**Data shown:**
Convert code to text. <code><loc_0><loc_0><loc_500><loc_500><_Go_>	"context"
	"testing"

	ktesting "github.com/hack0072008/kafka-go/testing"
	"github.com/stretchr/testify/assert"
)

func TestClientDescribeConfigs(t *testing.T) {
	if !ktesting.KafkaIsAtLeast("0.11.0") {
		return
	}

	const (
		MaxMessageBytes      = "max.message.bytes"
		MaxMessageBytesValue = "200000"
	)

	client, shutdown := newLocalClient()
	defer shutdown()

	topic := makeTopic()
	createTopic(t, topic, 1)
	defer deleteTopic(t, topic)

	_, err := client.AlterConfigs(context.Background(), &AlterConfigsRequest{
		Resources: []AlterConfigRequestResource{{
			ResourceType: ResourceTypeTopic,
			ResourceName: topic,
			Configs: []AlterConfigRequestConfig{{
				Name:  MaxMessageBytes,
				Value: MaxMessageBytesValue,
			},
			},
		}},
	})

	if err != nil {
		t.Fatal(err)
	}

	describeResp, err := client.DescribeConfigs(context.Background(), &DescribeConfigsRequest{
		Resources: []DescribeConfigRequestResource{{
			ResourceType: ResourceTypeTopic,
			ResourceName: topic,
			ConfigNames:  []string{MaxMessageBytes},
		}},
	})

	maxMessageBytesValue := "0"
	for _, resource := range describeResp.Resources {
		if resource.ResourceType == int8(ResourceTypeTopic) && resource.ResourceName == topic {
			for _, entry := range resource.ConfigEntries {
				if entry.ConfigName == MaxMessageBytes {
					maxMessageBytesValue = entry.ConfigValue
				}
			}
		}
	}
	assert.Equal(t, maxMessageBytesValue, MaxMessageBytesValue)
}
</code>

**Required work:**
Your reply must be a faithful copy of each entry above.

**Result:**
Convert code to text. <code><loc_0><loc_0><loc_500><loc_500><_Go_>	"context"
	"testing"

	ktesting "github.com/hack0072008/kafka-go/testing"
	"github.com/stretchr/testify/assert"
)

func TestClientDescribeConfigs(t *testing.T) {
	if !ktesting.KafkaIsAtLeast("0.11.0") {
		return
	}

	const (
		MaxMessageBytes      = "max.message.bytes"
		MaxMessageBytesValue = "200000"
	)

	client, shutdown := newLocalClient()
	defer shutdown()

	topic := makeTopic()
	createTopic(t, topic, 1)
	defer deleteTopic(t, topic)

	_, err := client.AlterConfigs(context.Background(), &AlterConfigsRequest{
		Resources: []AlterConfigRequestResource{{
			ResourceType: ResourceTypeTopic,
			ResourceName: topic,
			Configs: []AlterConfigRequestConfig{{
				Name:  MaxMessageBytes,
				Value: MaxMessageBytesValue,
			},
			},
		}},
	})

	if err != nil {
		t.Fatal(err)
	}

	describeResp, err := client.DescribeConfigs(context.Background(), &DescribeConfigsRequest{
		Resources: []DescribeConfigRequestResource{{
			ResourceType: ResourceTypeTopic,
			ResourceName: topic,
			ConfigNames:  []string{MaxMessageBytes},
		}},
	})

	maxMessageBytesValue := "0"
	for _, resource := range describeResp.Resources {
		if resource.ResourceType == int8(ResourceTypeTopic) && resource.ResourceName == topic {
			for _, entry := range resource.ConfigEntries {
				if entry.ConfigName == MaxMessageBytes {
					maxMessageBytesValue = entry.ConfigValue
				}
			}
		}
	}
	assert.Equal(t, maxMessageBytesValue, MaxMessageBytesValue)
}
</code>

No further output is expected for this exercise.